[Material shown]

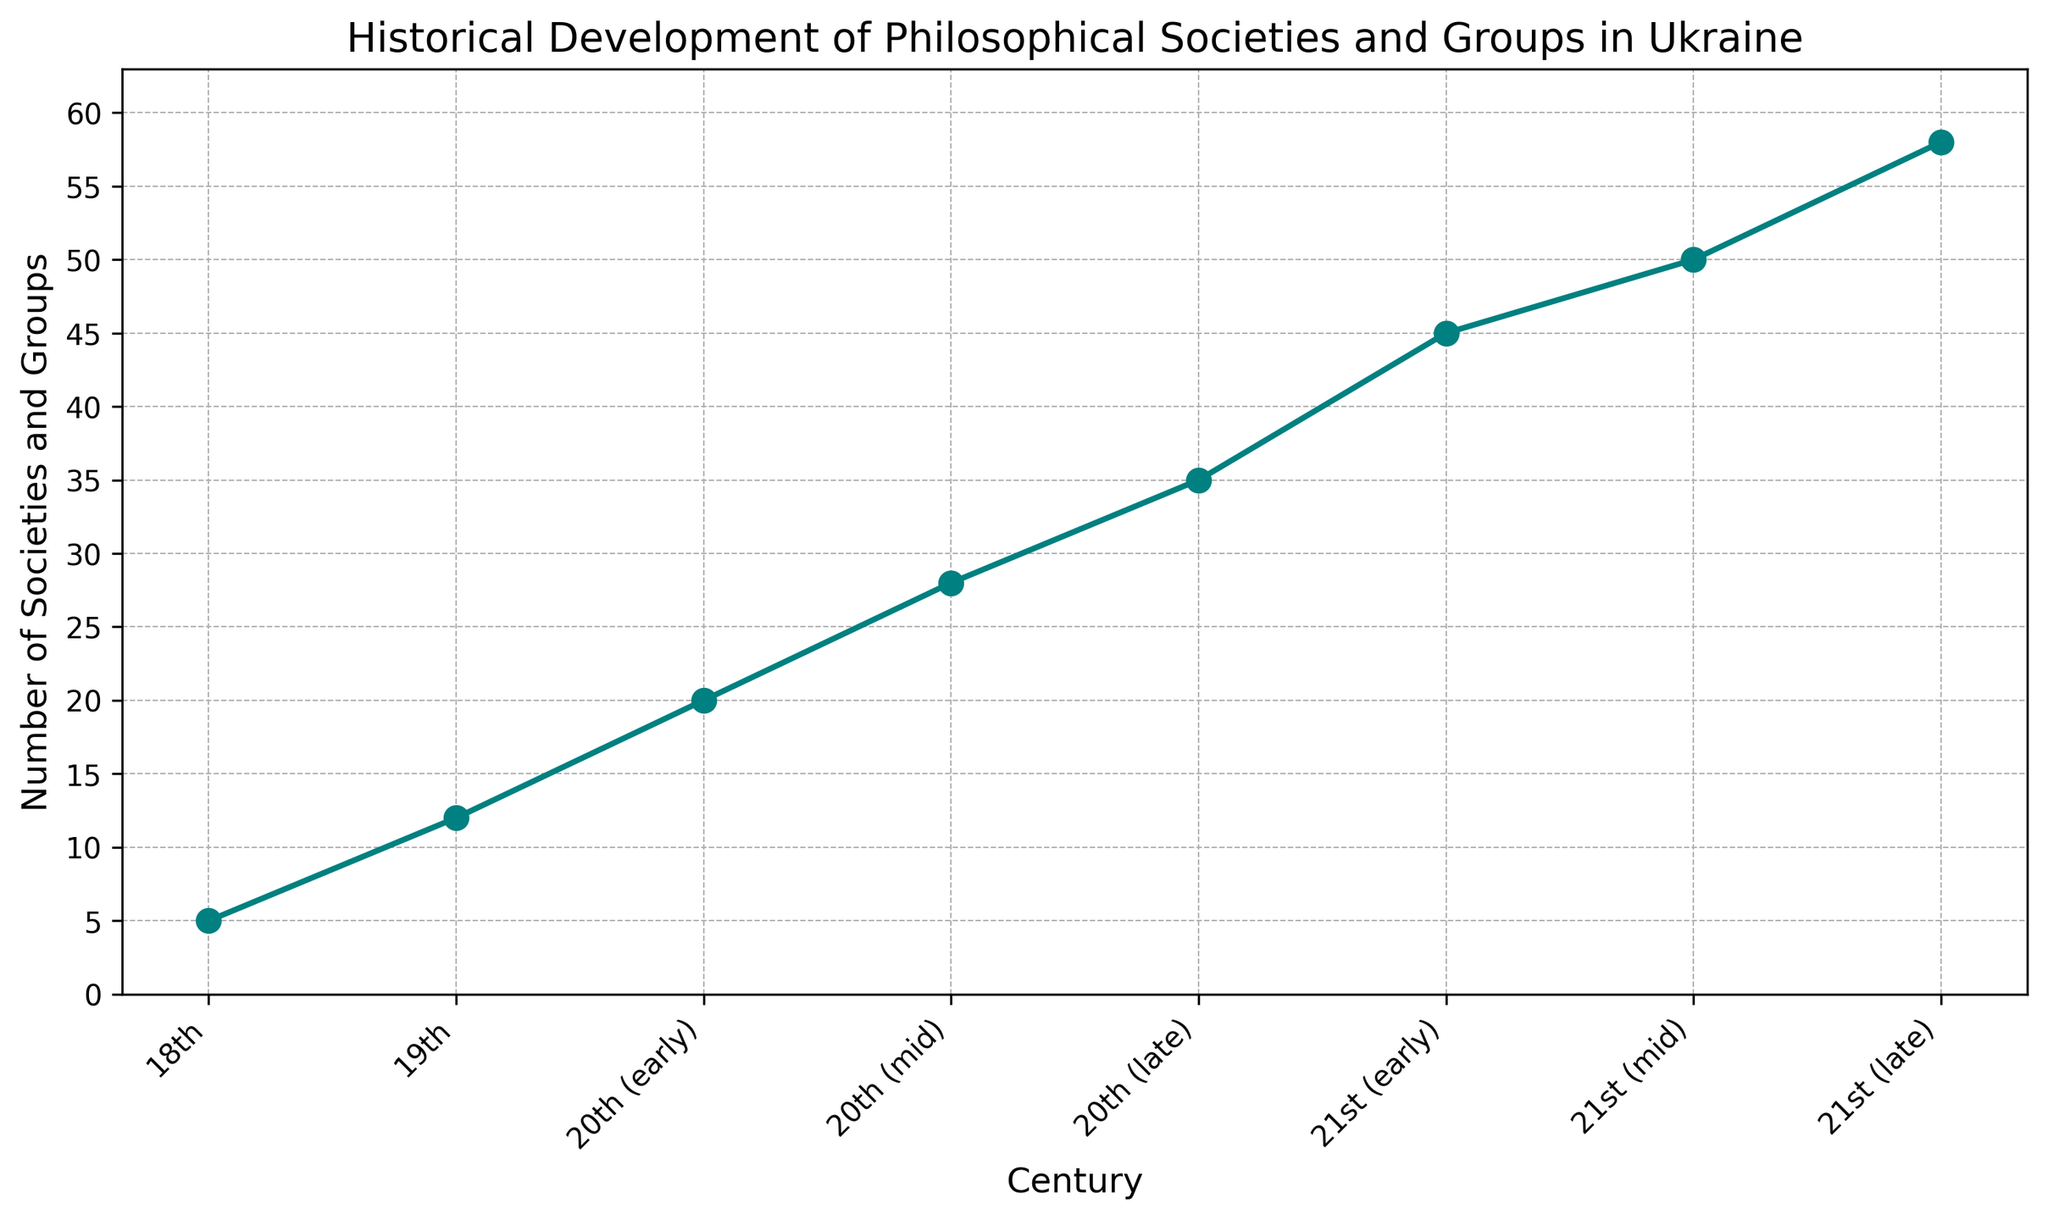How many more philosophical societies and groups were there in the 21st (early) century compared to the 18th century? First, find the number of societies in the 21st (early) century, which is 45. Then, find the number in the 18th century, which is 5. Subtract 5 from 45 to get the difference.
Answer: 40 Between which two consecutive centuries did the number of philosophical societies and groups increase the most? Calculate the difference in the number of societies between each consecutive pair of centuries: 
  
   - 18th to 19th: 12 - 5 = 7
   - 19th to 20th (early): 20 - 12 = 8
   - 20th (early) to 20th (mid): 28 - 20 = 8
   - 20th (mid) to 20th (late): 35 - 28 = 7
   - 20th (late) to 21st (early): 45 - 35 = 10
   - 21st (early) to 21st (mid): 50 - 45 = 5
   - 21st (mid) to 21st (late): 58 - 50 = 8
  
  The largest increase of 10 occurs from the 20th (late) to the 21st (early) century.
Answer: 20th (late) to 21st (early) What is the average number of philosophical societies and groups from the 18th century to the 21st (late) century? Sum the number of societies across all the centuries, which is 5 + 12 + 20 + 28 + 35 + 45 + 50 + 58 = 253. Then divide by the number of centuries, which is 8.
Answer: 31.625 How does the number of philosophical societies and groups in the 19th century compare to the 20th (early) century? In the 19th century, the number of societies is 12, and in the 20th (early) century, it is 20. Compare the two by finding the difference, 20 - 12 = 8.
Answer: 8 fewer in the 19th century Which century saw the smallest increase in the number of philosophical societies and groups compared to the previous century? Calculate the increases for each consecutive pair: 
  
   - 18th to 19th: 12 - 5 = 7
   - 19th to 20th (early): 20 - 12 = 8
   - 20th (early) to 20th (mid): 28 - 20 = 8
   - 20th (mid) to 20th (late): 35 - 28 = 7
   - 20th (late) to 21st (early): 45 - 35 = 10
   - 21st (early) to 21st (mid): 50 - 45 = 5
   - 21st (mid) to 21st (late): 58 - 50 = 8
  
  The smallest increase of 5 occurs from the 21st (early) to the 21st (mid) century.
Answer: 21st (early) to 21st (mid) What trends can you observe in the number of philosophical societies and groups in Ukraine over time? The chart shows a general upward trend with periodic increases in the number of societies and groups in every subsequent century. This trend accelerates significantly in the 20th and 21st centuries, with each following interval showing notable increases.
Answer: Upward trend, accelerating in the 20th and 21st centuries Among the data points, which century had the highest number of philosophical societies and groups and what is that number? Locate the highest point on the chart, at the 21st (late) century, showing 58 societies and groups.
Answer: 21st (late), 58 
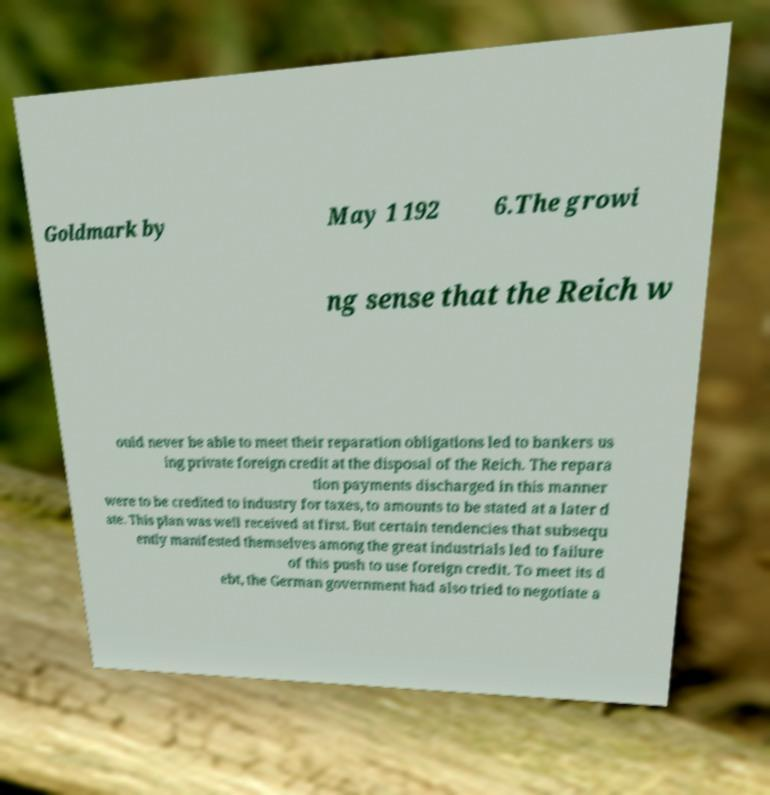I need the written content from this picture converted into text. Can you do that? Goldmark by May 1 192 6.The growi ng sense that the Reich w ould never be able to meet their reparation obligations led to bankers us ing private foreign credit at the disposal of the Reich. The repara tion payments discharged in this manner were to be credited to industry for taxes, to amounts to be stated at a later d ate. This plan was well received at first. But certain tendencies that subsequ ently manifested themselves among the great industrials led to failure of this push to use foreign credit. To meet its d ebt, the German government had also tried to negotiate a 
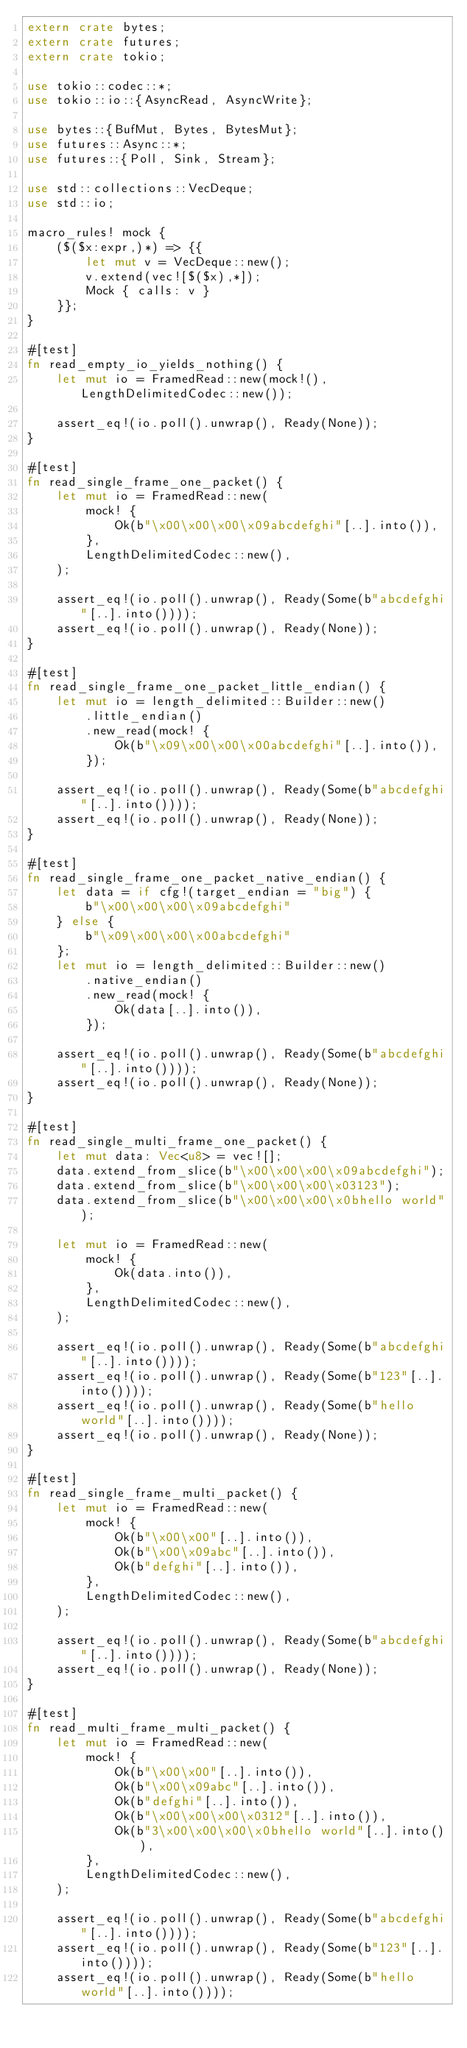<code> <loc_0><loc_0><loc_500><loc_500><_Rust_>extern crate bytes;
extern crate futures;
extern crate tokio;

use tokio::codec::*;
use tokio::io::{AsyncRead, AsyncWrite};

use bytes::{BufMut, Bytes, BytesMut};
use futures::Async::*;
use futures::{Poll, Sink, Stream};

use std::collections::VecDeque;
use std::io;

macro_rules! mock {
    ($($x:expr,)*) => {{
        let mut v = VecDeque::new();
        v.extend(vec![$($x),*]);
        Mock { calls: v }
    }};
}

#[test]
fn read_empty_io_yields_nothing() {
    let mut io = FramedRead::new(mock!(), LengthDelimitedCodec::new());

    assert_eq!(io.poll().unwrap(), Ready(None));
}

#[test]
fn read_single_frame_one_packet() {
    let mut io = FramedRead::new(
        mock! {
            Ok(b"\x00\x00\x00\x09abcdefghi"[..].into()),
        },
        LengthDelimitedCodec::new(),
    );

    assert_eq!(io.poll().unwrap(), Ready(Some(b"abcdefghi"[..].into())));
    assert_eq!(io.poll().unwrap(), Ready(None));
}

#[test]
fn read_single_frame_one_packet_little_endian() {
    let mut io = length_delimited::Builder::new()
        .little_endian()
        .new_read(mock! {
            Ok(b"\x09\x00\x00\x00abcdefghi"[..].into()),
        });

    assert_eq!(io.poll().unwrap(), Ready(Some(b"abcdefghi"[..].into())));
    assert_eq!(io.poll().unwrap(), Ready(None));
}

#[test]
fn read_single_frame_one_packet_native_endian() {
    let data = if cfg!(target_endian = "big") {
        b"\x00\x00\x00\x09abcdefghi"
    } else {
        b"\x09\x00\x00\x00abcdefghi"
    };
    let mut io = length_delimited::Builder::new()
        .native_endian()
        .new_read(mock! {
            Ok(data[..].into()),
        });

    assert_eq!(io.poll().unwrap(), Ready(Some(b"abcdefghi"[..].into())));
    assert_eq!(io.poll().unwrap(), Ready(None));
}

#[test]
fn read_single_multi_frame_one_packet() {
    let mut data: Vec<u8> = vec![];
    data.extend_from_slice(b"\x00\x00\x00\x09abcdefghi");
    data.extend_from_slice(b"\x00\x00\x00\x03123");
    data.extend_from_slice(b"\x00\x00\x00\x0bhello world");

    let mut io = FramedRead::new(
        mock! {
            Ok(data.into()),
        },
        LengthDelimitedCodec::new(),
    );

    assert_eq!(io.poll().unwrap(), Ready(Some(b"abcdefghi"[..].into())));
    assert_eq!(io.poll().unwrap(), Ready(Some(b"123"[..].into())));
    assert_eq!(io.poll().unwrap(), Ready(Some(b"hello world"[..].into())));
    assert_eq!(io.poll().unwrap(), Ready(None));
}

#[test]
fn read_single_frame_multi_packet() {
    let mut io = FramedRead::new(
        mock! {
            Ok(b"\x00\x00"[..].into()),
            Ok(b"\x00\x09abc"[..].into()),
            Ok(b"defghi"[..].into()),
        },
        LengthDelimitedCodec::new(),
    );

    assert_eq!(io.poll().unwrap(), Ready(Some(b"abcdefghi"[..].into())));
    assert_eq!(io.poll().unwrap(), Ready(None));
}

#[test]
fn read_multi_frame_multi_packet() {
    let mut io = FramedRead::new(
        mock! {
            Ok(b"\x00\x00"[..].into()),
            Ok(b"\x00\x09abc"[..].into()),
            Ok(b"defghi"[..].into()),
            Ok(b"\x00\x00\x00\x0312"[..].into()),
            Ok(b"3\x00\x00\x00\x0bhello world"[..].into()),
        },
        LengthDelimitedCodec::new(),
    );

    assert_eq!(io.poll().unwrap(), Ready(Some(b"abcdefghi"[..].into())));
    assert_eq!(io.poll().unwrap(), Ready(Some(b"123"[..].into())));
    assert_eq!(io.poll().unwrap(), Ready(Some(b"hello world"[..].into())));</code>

[Prompt]
Restate exactly, please, only the lines between the start of the data and the line containing "Answer: 31.625 How", both ends included, skipping the pictures.

[Exercise result]
How many more philosophical societies and groups were there in the 21st (early) century compared to the 18th century? First, find the number of societies in the 21st (early) century, which is 45. Then, find the number in the 18th century, which is 5. Subtract 5 from 45 to get the difference.
Answer: 40 Between which two consecutive centuries did the number of philosophical societies and groups increase the most? Calculate the difference in the number of societies between each consecutive pair of centuries: 
  
   - 18th to 19th: 12 - 5 = 7
   - 19th to 20th (early): 20 - 12 = 8
   - 20th (early) to 20th (mid): 28 - 20 = 8
   - 20th (mid) to 20th (late): 35 - 28 = 7
   - 20th (late) to 21st (early): 45 - 35 = 10
   - 21st (early) to 21st (mid): 50 - 45 = 5
   - 21st (mid) to 21st (late): 58 - 50 = 8
  
  The largest increase of 10 occurs from the 20th (late) to the 21st (early) century.
Answer: 20th (late) to 21st (early) What is the average number of philosophical societies and groups from the 18th century to the 21st (late) century? Sum the number of societies across all the centuries, which is 5 + 12 + 20 + 28 + 35 + 45 + 50 + 58 = 253. Then divide by the number of centuries, which is 8.
Answer: 31.625 How does the number of philosophical societies and groups in the 19th century compare to the 20th (early) century? In the 19th century, the number of societies is 12, and in the 20th (early) century, it is 20. Compare the two by finding the difference, 20 - 12 = 8.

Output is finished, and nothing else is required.